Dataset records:
%%
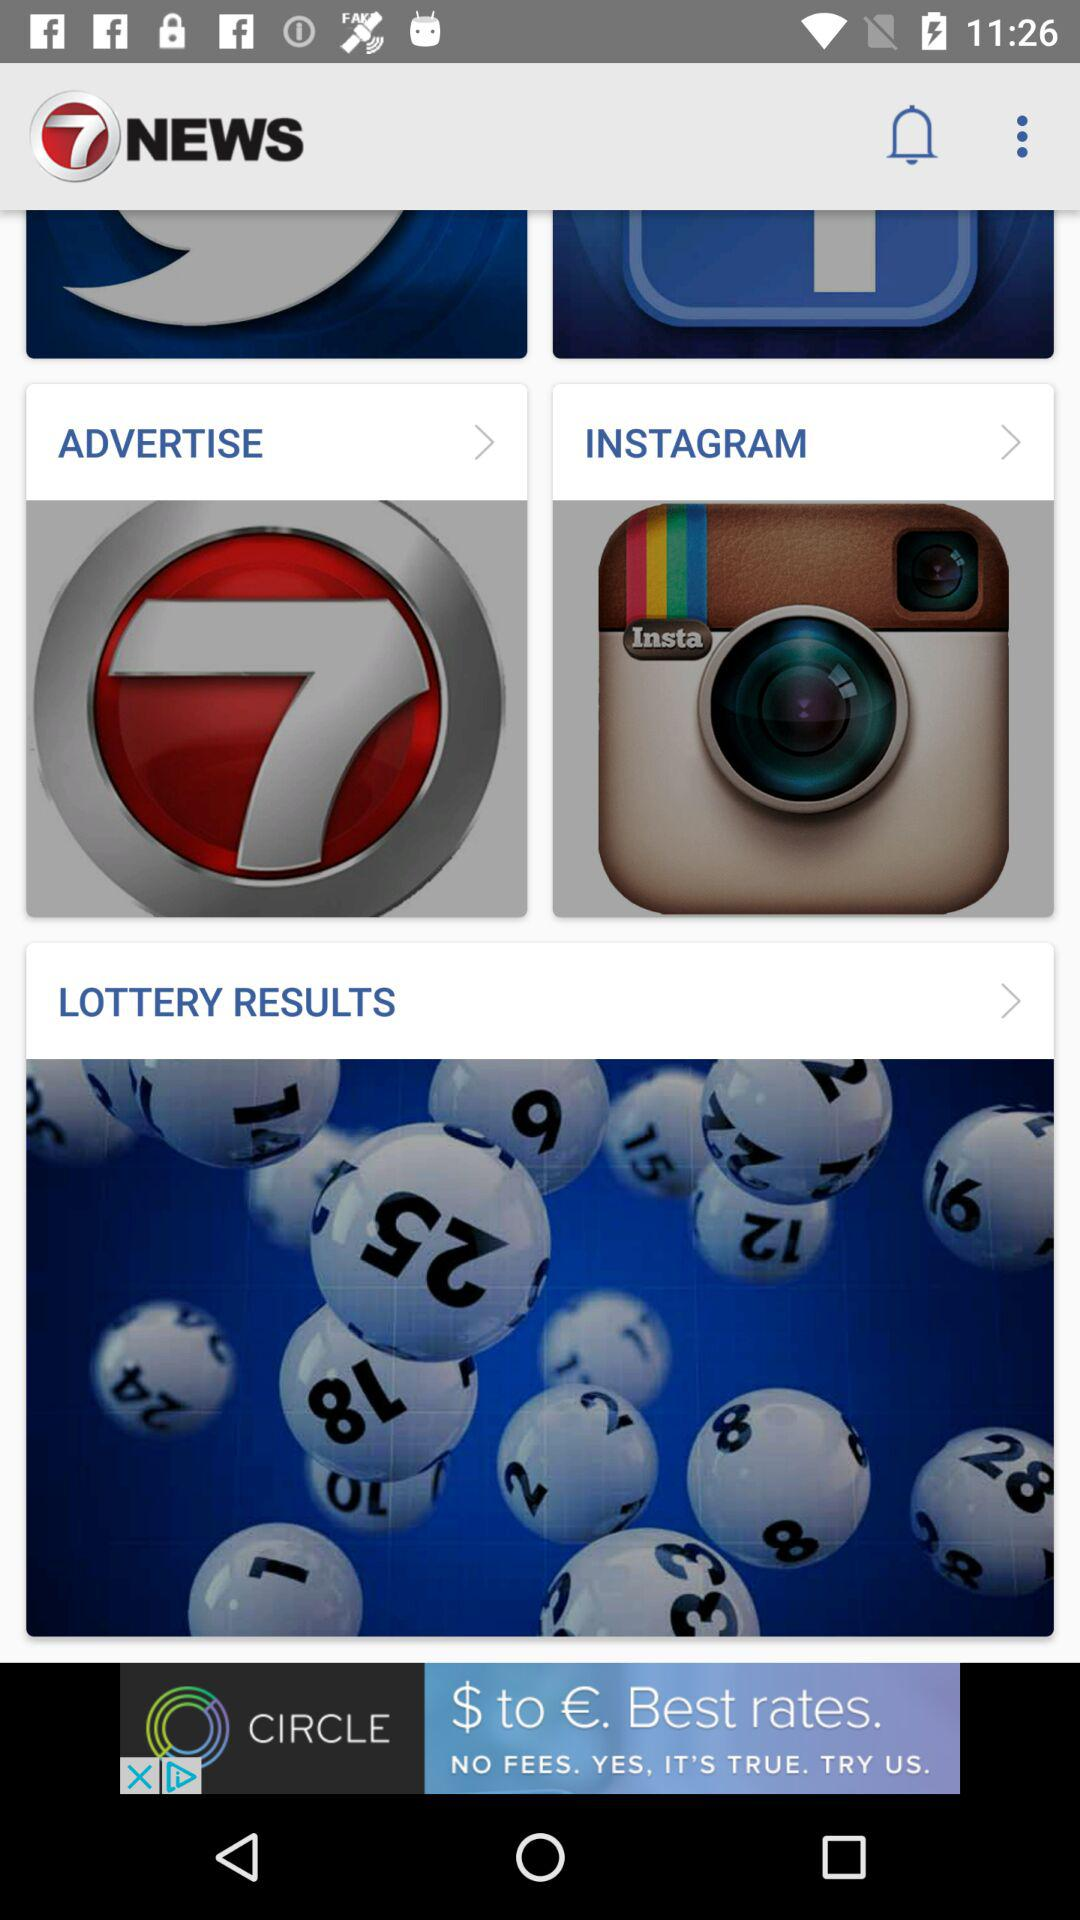What is the name of the application? The name of the application is "7NEWS". 
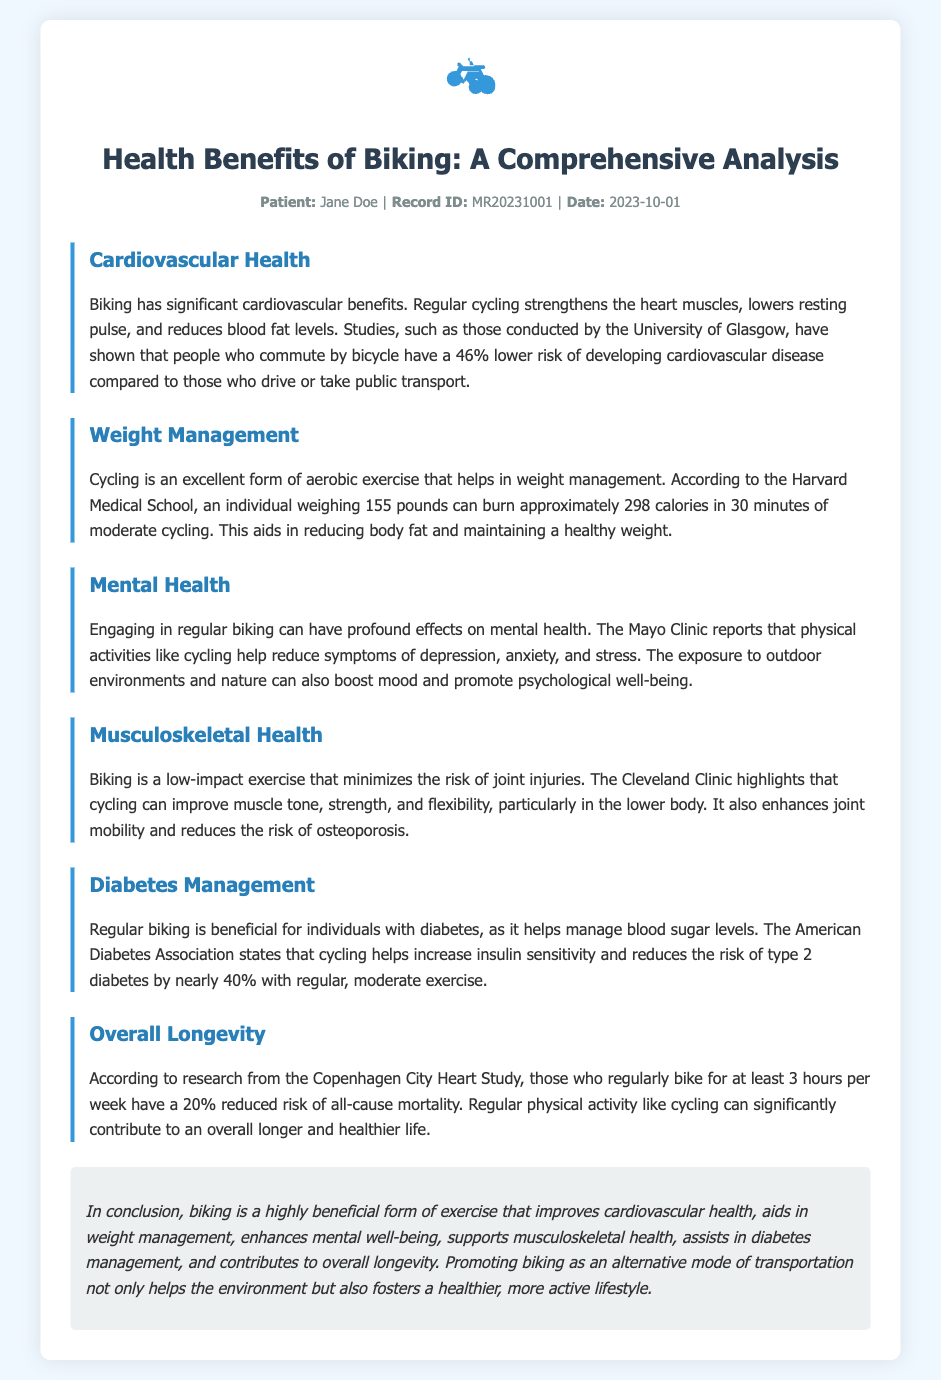what is the title of the document? The title is provided in the header of the document and indicates the main focus of the content.
Answer: Health Benefits of Biking: A Comprehensive Analysis who is the patient mentioned in the document? The patient's name is specified in the record info section.
Answer: Jane Doe what percentage lower risk of cardiovascular disease do cyclists have? The document cites a specific percentage based on studies conducted by the University of Glasgow.
Answer: 46% how many calories can a person weighing 155 pounds burn in 30 minutes of moderate cycling? The document presents a specific calorie-burning figure from Harvard Medical School.
Answer: 298 which institution reports that physical activities like cycling help reduce symptoms of depression? The document attributes this information to a well-known medical organization that focuses on health.
Answer: Mayo Clinic what type of exercise is biking classified as? The document describes biking in terms of its impact on the joints.
Answer: Low-impact exercise how much can regular biking reduce the risk of type 2 diabetes? The document mentions a specific percentage reduction associated with regular moderate exercise.
Answer: Nearly 40% what is the reduced risk of all-cause mortality for those who bike at least 3 hours per week? The document refers to research that quantifies this reduction in mortality risk.
Answer: 20% in what way does biking support musculoskeletal health according to the Cleveland Clinic? The document states an advantage related to joint health and flexibility.
Answer: Improves muscle tone, strength, and flexibility 
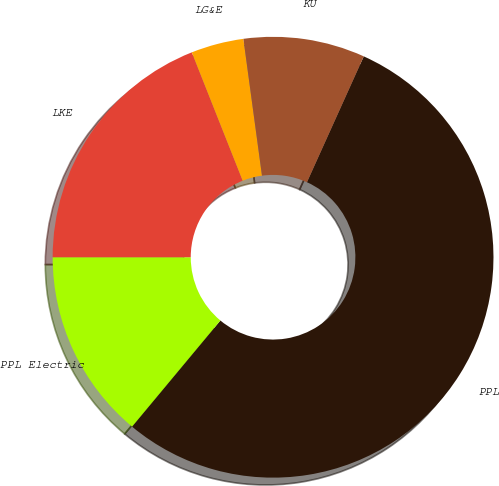Convert chart. <chart><loc_0><loc_0><loc_500><loc_500><pie_chart><fcel>PPL<fcel>PPL Electric<fcel>LKE<fcel>LG&E<fcel>KU<nl><fcel>54.3%<fcel>13.95%<fcel>18.99%<fcel>3.86%<fcel>8.9%<nl></chart> 
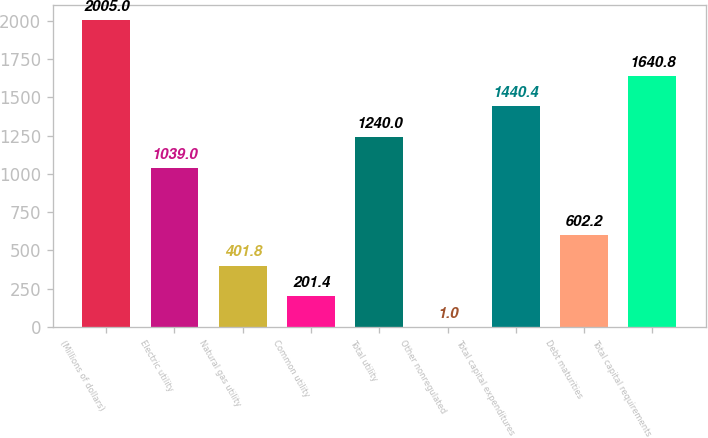Convert chart. <chart><loc_0><loc_0><loc_500><loc_500><bar_chart><fcel>(Millions of dollars)<fcel>Electric utility<fcel>Natural gas utility<fcel>Common utility<fcel>Total utility<fcel>Other nonregulated<fcel>Total capital expenditures<fcel>Debt maturities<fcel>Total capital requirements<nl><fcel>2005<fcel>1039<fcel>401.8<fcel>201.4<fcel>1240<fcel>1<fcel>1440.4<fcel>602.2<fcel>1640.8<nl></chart> 
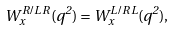<formula> <loc_0><loc_0><loc_500><loc_500>W _ { x } ^ { R / L \, R } ( q ^ { 2 } ) = W _ { x } ^ { L / R \, L } ( q ^ { 2 } ) ,</formula> 
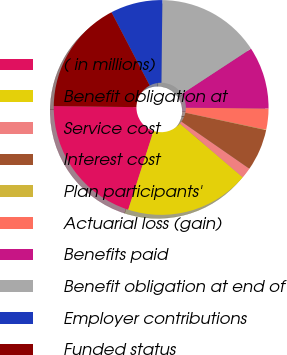<chart> <loc_0><loc_0><loc_500><loc_500><pie_chart><fcel>( in millions)<fcel>Benefit obligation at<fcel>Service cost<fcel>Interest cost<fcel>Plan participants'<fcel>Actuarial loss (gain)<fcel>Benefits paid<fcel>Benefit obligation at end of<fcel>Employer contributions<fcel>Funded status<nl><fcel>20.25%<fcel>18.7%<fcel>1.61%<fcel>6.27%<fcel>0.06%<fcel>3.17%<fcel>9.38%<fcel>15.59%<fcel>7.83%<fcel>17.14%<nl></chart>
%%
Task goal:
From the first line to the last, write out the data above exactly. Omit the pictures.

Output of the task:
What is the name of the application? The name of the application is "7NEWS". 
what is the title of the document? The title is provided in the header of the document and indicates the main focus of the content.
Answer: Health Benefits of Biking: A Comprehensive Analysis who is the patient mentioned in the document? The patient's name is specified in the record info section.
Answer: Jane Doe what percentage lower risk of cardiovascular disease do cyclists have? The document cites a specific percentage based on studies conducted by the University of Glasgow.
Answer: 46% how many calories can a person weighing 155 pounds burn in 30 minutes of moderate cycling? The document presents a specific calorie-burning figure from Harvard Medical School.
Answer: 298 which institution reports that physical activities like cycling help reduce symptoms of depression? The document attributes this information to a well-known medical organization that focuses on health.
Answer: Mayo Clinic what type of exercise is biking classified as? The document describes biking in terms of its impact on the joints.
Answer: Low-impact exercise how much can regular biking reduce the risk of type 2 diabetes? The document mentions a specific percentage reduction associated with regular moderate exercise.
Answer: Nearly 40% what is the reduced risk of all-cause mortality for those who bike at least 3 hours per week? The document refers to research that quantifies this reduction in mortality risk.
Answer: 20% in what way does biking support musculoskeletal health according to the Cleveland Clinic? The document states an advantage related to joint health and flexibility.
Answer: Improves muscle tone, strength, and flexibility 
Convert chart. <chart><loc_0><loc_0><loc_500><loc_500><pie_chart><fcel>PPL<fcel>PPL Electric<fcel>LKE<fcel>LG&E<fcel>KU<nl><fcel>54.3%<fcel>13.95%<fcel>18.99%<fcel>3.86%<fcel>8.9%<nl></chart> 
Convert chart. <chart><loc_0><loc_0><loc_500><loc_500><bar_chart><fcel>(Millions of dollars)<fcel>Electric utility<fcel>Natural gas utility<fcel>Common utility<fcel>Total utility<fcel>Other nonregulated<fcel>Total capital expenditures<fcel>Debt maturities<fcel>Total capital requirements<nl><fcel>2005<fcel>1039<fcel>401.8<fcel>201.4<fcel>1240<fcel>1<fcel>1440.4<fcel>602.2<fcel>1640.8<nl></chart> 
<formula> <loc_0><loc_0><loc_500><loc_500>W _ { x } ^ { R / L \, R } ( q ^ { 2 } ) = W _ { x } ^ { L / R \, L } ( q ^ { 2 } ) ,</formula> 
<chart> <loc_0><loc_0><loc_500><loc_500><pie_chart><fcel>( in millions)<fcel>Benefit obligation at<fcel>Service cost<fcel>Interest cost<fcel>Plan participants'<fcel>Actuarial loss (gain)<fcel>Benefits paid<fcel>Benefit obligation at end of<fcel>Employer contributions<fcel>Funded status<nl><fcel>20.25%<fcel>18.7%<fcel>1.61%<fcel>6.27%<fcel>0.06%<fcel>3.17%<fcel>9.38%<fcel>15.59%<fcel>7.83%<fcel>17.14%<nl></chart>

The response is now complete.